The apparatus embodiments described above are merely illustrative, wherein the elements illustrated as separate elements may or may not be physically separate, and the elements shown as elements may or may not be physical elements, may be located in one place, or may be distributed over a plurality of network elements. Some or all of the modules may be selected according to actual needs to achieve the purpose of the solution of this embodiment. Those of ordinary skill in the art will understand and implement the present invention without undue burden.

From the above description of the embodiments, it will be apparent to those skilled in the art that the embodiments may be implemented by means of software plus necessary general hardware platforms, or of course may be implemented by means of hardware.
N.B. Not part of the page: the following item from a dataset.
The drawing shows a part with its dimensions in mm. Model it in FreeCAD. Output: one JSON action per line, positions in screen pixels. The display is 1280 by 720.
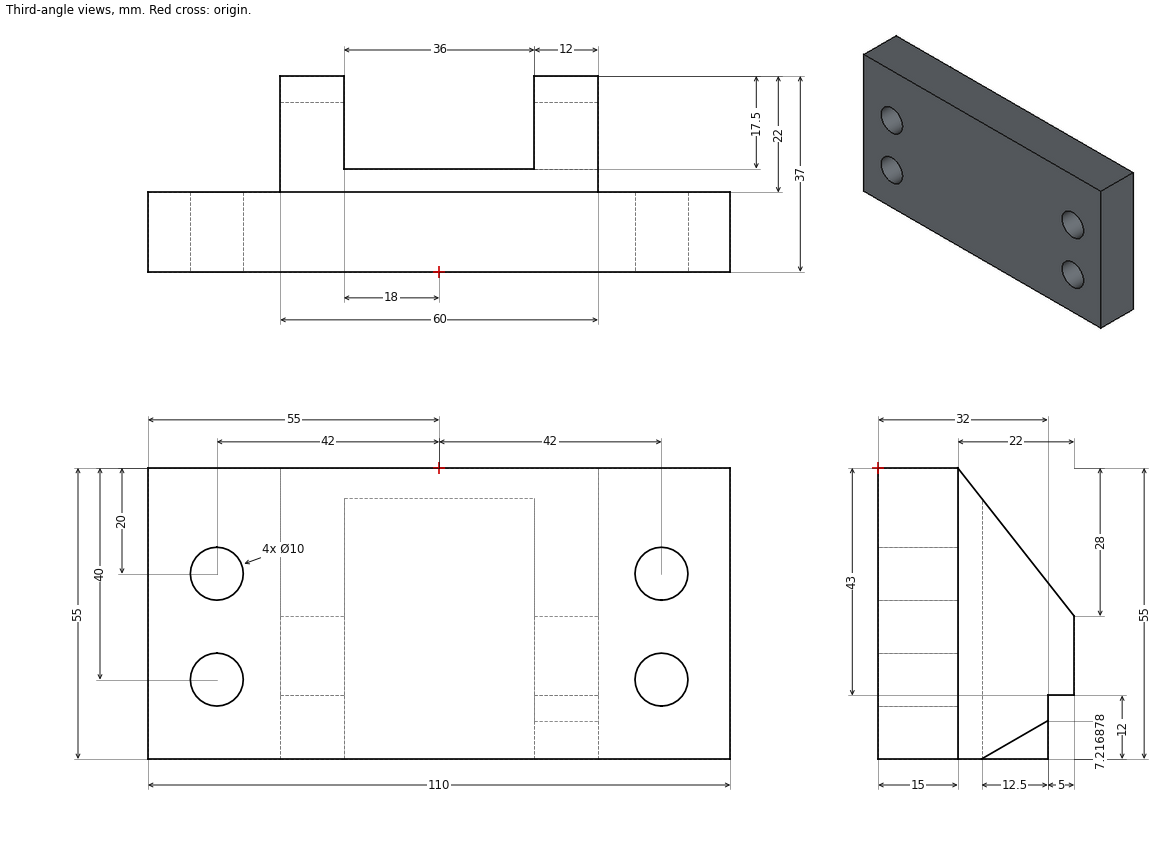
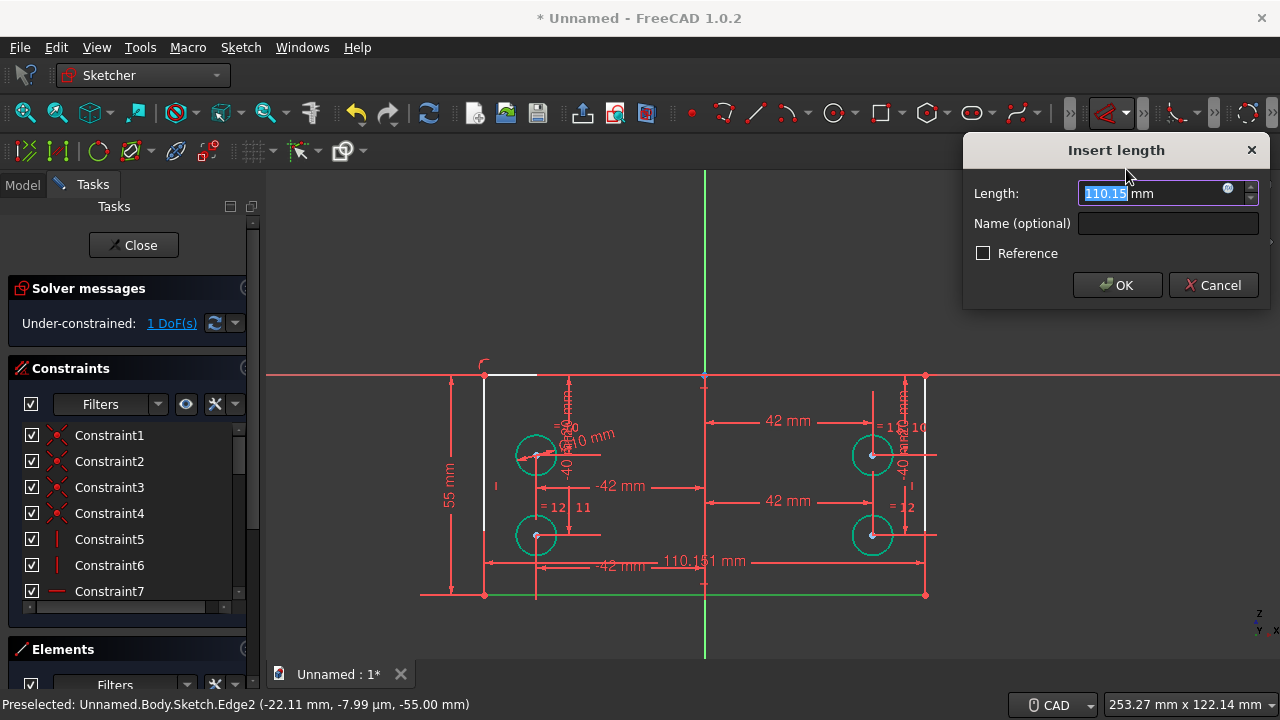
{"action": "type", "text": "110"}
{"action": "key", "text": "Return"}

Based on this understanding, the foregoing technical solution may be embodied essentially or in a part contributing to the prior art in the form of a software product, which may be stored in a computer readable storage medium, such as ROM/RAM, a magnetic disk, an optical disk, etc., including several instructions for causing a computer device (which may be a personal computer, a server, or a network device, etc.) to execute the method described in the respective embodiments or some parts of the embodiments.
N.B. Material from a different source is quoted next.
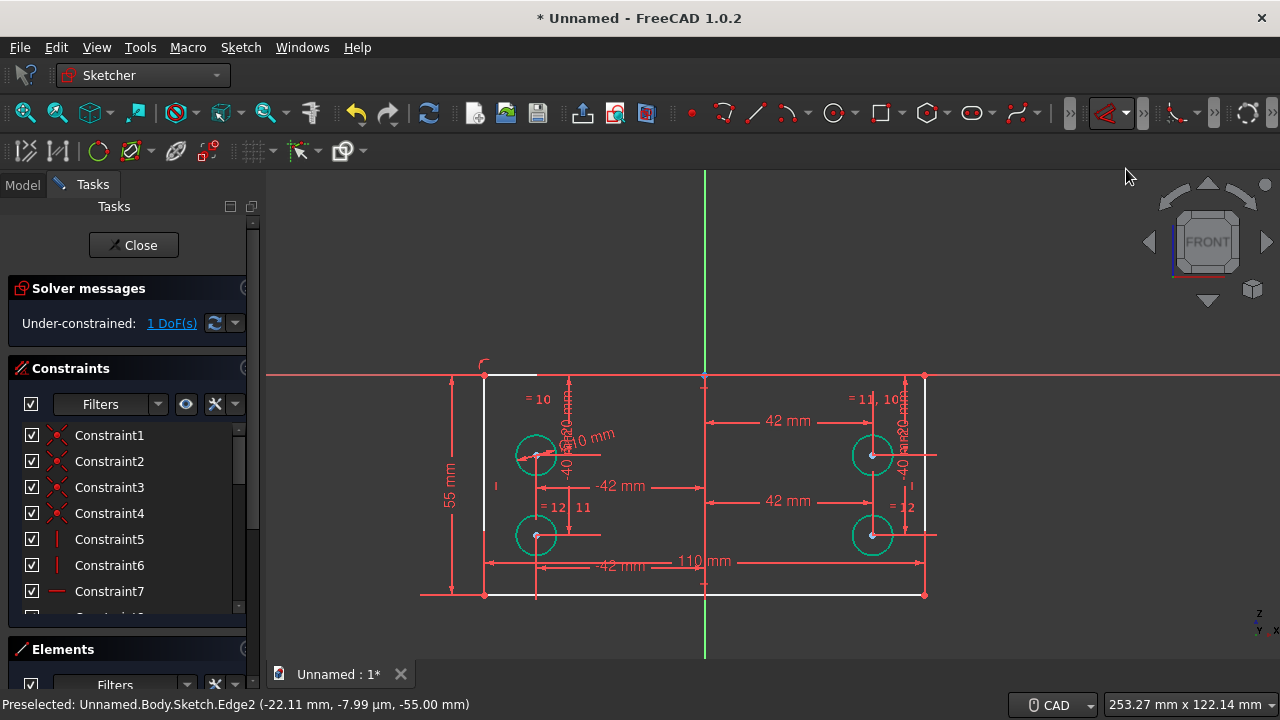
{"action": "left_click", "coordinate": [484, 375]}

Finally, it should be noted that: the above embodiments are only for illustrating the technical solution of the present invention, and are not limiting; although the invention has been described in detail with reference to the foregoing embodiments, it will be understood by those of ordinary skill in the art that: the technical scheme described in the foregoing embodiments can be modified or some technical features thereof can be replaced by equivalents; such modifications and substitutions do not depart from the spirit and scope of the technical solutions of the embodiments of the present invention.

Claims

1. A method for medical question answering using a large language model, comprising:

acquiring medical dialogue history content of a user;

2. The method for medical question answering using a large language model according to claim 1, wherein the content of the first prompt instruction includes:

"doctor: "or" the doctor may want to: ".

3. The method for medical question-answering using the large language model according to claim 1, wherein the content of the second prompt instruction is determined based on the recorded item of medical record.
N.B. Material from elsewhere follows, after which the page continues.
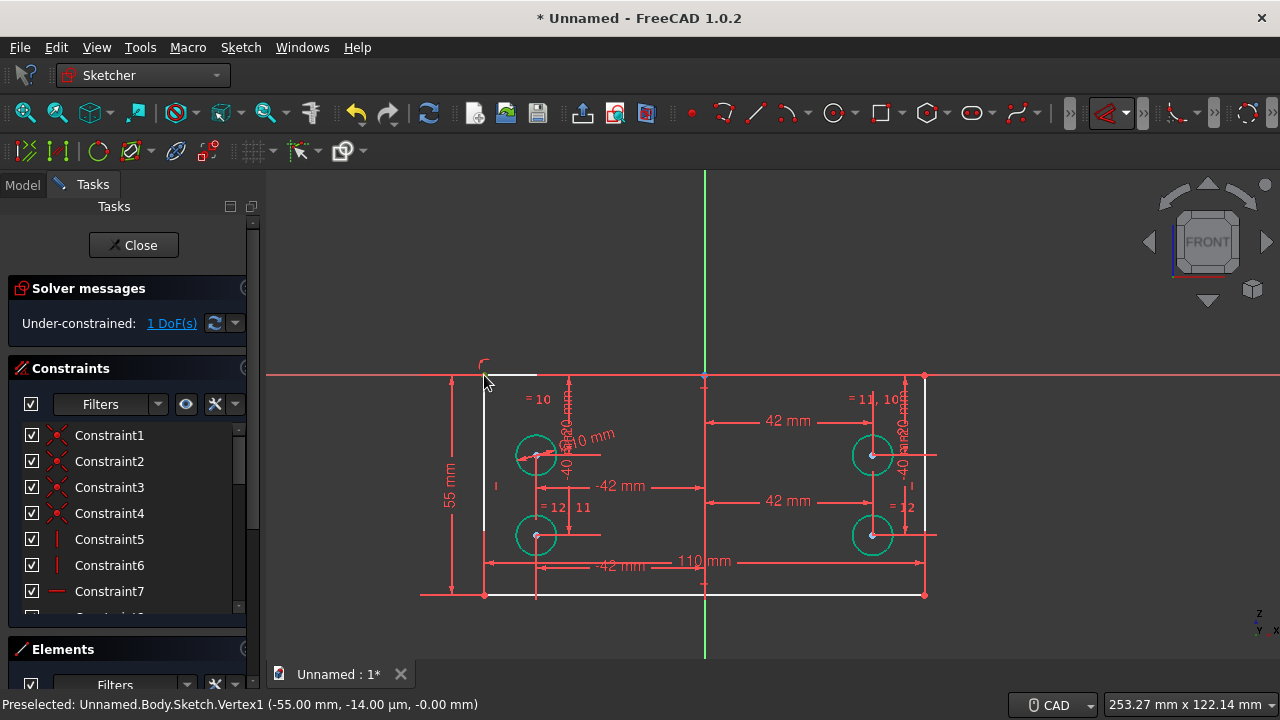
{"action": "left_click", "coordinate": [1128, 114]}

4. The method of claim 3, wherein the content of the second prompt instruction comprises at least one of:

what the complaint is;

what the past history is;

aiding in checking what is;

diagnosing what is;

what is suggested.

5. A system for medical questions and answers using a large language model, comprising:

6. The system for medical question-answering using a large language model according to claim 5, wherein the content of the first prompt instruction includes:

"doctor: "or" the doctor may want to: ".

7. The system for medical question-answering using a large language model according to claim 5, wherein the content of the second prompt instruction is determined based on the recorded item of medical records.

8. The system for medical question-answering using a large language model according to claim 7, wherein the content of the second prompt instruction includes at least one of:

what the complaint is;

what the past history is;

aiding in checking what is;

diagnosing what is;

what is suggested.

9. An electronic device comprising a memory, a processor and a computer program stored on the memory and executable on the processor, wherein the processor when executing the program implements the method of using a large language model for medical question-answering as claimed in any one of claims 1 to 4.

10. A non-transitory computer readable storage medium having stored thereon a computer program, which when executed by a processor, implements a method of medical question answering using a large language model as claimed in any one of claims 1 to 4.